Just about the time you start thinking, “No problem, I got this. I don’t know why anyone thinks this is hard,”the new starts wearing off and the gnats show up. The no-see-ums, aka minuscule velociraptors with jagged needle teeth. Mosquitoes. Yellow flies. Things with no names, like some huge alien creature from Jumanji, all fangs and stingers.
Then, just to add a little more fun to the challenge, the humidity chimes in like a sauna on steroids. This happens usually about the same time the rain disappears like a mirage in the desert and you have to start dragging hoses around — and hopefully remembering to turn them off — before you drown what you were trying to give a drink to.

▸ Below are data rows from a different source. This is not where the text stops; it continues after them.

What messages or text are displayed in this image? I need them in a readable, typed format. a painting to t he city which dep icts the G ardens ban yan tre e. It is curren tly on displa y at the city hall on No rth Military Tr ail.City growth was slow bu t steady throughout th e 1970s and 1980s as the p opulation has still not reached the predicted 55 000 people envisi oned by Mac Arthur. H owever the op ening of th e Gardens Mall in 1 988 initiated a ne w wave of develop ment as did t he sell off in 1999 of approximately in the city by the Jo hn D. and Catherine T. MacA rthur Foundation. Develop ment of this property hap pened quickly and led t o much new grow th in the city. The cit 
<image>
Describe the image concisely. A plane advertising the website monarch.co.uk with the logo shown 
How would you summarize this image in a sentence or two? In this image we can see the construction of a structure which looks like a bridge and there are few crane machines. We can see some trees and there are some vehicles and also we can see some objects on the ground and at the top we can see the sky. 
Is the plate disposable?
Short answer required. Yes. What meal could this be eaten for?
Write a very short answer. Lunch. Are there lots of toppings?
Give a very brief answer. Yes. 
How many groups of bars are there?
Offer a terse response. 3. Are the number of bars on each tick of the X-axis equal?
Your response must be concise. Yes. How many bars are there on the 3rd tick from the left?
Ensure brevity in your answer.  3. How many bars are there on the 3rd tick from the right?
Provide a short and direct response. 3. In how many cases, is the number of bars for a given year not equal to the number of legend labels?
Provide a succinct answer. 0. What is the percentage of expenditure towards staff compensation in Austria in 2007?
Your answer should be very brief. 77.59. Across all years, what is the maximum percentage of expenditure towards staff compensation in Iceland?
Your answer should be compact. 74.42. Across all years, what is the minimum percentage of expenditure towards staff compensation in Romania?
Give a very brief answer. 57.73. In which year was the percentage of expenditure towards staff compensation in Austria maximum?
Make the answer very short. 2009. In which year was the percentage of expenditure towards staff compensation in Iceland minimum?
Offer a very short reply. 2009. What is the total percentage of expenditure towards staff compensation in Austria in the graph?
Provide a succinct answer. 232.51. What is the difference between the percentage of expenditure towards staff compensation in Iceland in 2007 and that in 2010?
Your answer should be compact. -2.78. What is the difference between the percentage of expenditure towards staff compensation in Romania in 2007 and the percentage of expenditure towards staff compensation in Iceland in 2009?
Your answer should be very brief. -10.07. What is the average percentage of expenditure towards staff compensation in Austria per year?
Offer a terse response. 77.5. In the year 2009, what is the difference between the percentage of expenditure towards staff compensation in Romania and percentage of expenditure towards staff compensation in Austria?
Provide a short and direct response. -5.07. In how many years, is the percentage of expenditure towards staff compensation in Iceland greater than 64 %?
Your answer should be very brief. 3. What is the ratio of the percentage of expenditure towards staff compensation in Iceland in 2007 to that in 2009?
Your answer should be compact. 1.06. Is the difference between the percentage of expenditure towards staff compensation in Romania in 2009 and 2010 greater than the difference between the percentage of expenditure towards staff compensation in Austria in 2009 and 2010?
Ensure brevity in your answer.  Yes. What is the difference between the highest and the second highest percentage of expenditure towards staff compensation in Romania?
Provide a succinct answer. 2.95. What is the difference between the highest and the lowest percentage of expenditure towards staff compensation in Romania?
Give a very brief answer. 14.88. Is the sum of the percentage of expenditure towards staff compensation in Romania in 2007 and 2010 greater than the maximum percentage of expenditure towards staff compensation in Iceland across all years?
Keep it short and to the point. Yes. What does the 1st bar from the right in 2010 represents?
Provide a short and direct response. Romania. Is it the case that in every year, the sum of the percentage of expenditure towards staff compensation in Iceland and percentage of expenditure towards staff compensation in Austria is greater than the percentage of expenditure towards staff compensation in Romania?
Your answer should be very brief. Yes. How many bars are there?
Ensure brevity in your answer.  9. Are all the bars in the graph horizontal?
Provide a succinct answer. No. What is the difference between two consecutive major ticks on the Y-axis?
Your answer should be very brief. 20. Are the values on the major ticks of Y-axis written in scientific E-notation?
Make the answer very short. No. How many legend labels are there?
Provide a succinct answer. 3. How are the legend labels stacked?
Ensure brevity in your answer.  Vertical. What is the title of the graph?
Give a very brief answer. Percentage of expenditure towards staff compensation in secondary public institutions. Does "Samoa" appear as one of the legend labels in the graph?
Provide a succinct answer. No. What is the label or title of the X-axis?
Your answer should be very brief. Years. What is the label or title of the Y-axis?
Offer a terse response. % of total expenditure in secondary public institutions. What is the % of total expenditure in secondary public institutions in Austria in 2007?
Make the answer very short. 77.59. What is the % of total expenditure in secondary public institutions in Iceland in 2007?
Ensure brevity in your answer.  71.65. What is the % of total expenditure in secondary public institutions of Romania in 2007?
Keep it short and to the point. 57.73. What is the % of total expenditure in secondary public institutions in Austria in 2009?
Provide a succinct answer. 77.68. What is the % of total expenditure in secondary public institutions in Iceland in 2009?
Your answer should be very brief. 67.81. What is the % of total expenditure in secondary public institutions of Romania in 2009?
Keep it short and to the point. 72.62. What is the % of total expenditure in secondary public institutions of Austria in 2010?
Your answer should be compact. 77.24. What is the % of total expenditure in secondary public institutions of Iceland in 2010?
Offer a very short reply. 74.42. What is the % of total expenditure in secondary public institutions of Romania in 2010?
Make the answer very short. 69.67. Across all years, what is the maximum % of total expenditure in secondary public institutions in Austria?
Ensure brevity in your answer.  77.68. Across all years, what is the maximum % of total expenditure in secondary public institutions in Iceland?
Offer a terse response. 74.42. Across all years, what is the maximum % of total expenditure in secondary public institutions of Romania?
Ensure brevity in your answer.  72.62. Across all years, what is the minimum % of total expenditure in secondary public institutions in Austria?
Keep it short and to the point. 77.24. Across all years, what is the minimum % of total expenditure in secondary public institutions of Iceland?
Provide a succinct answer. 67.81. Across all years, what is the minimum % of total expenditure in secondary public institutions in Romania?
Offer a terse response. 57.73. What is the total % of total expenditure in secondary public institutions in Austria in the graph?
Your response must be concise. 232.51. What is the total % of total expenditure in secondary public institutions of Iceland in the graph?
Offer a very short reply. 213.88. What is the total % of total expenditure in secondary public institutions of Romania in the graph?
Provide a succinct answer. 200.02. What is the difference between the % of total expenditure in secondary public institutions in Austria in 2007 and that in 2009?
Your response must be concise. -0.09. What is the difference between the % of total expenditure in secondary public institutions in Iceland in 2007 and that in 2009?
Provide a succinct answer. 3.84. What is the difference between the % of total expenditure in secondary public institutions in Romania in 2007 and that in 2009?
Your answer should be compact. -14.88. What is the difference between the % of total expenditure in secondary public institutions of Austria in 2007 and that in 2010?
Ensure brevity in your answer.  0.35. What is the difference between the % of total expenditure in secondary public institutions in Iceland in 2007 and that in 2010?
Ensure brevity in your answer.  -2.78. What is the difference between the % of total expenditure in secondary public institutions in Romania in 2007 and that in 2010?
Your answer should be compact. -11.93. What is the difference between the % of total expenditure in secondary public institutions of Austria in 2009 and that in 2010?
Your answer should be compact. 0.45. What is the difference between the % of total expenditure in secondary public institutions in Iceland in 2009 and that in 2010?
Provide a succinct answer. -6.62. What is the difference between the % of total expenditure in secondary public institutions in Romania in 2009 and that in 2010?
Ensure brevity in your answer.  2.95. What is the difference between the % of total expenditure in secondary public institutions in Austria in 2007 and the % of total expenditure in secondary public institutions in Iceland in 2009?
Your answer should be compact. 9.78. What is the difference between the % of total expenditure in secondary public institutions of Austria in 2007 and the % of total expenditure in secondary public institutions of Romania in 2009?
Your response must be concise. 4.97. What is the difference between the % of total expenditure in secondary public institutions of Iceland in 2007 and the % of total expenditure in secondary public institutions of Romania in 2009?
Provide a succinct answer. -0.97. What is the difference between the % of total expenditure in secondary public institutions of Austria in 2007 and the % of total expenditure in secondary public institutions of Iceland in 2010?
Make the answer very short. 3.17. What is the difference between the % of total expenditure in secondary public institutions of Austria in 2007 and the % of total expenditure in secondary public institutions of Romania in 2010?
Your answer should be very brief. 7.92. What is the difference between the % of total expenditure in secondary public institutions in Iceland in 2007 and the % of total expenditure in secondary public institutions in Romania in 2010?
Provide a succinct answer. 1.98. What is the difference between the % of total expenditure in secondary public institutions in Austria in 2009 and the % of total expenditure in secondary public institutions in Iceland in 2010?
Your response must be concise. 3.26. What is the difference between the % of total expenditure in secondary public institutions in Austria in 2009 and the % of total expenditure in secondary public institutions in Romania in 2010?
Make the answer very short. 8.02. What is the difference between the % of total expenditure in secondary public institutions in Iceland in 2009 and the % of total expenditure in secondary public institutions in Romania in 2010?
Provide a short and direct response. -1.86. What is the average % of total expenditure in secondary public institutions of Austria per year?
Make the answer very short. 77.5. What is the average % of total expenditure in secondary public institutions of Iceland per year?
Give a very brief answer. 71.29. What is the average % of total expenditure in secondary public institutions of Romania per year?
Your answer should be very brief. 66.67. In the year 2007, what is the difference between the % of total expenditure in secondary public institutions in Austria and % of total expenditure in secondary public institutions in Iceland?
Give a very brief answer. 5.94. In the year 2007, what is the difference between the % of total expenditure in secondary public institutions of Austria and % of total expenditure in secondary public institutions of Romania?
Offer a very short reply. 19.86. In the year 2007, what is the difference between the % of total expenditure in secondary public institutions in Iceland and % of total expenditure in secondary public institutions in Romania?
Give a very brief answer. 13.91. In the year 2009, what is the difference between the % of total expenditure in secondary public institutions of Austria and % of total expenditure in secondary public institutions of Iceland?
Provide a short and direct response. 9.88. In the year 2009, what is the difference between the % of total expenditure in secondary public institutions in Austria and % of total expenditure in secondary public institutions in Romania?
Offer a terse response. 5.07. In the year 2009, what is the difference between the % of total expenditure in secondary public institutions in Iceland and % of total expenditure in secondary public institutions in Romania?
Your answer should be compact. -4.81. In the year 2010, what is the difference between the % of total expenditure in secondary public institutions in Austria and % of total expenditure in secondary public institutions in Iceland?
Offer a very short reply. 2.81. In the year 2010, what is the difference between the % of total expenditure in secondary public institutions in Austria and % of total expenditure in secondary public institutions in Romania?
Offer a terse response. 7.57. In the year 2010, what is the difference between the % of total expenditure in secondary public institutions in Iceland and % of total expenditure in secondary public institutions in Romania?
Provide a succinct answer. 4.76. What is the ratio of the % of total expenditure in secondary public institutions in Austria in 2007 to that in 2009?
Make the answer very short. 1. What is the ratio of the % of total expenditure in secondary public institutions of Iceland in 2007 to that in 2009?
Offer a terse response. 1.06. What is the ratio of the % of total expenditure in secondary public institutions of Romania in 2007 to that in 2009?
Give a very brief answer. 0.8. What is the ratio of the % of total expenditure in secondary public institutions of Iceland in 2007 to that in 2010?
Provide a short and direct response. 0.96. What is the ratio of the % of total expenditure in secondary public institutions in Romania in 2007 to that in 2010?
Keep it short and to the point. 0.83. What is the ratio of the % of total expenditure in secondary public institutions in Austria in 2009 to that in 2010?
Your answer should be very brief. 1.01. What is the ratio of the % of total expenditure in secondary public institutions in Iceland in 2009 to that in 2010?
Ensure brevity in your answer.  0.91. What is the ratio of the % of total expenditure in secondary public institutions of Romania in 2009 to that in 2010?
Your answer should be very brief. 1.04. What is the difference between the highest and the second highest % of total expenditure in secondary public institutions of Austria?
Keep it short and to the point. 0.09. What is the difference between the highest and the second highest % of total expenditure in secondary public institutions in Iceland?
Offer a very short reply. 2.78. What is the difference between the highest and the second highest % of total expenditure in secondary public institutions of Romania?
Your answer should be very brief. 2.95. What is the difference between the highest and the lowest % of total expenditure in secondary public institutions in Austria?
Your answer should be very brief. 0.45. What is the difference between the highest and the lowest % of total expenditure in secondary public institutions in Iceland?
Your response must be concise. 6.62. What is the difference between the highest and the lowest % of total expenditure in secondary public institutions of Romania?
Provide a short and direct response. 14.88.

Along about now is about when the “I’m not doing this next year” part of the equation starts looking better and better. It keeps poking you with all the chutzpah of a pesky little brother in church, reminding you what you said like a toddler on repeat spouting a cuss word in front of your in-laws.
Since you broke your resolution — or maybe it broke you — might as well go ahead and plant a garden. You know you’re going to anyway.

Mid-January is just a tad early, but it’s almost time for potatoes, and cabbage, and onions — any of the cool-weather crops, or cole crops. You might even be still harvesting some of your fall garden.
Go ahead and thumb through those seed catalogs like a kid with the Sears Roebuck, circling everything you want. Go ahead and order or buy those seeds, like the kid who traded his family’s cow for the magic beans. Hopefully you will just grow a regular garden, minus the giant.
Whether you stick to your resolution or not, enjoy the smell of dirt. If you’re strong enough to resist the pull, kudos to you. Whether you garden, or simply go to the farmer’s market and enjoy the fruits of someone else’s labors, you can still delight in the taste of fresh produce. If you can or freeze produce, you’ll extend the time you can savor the veggies.
As you’re working out and doing your breathing exercises, keep repeating to yourself, “I am not going to garden next year!”
Maybe if you repeat it enough times, you’ll actually believe it.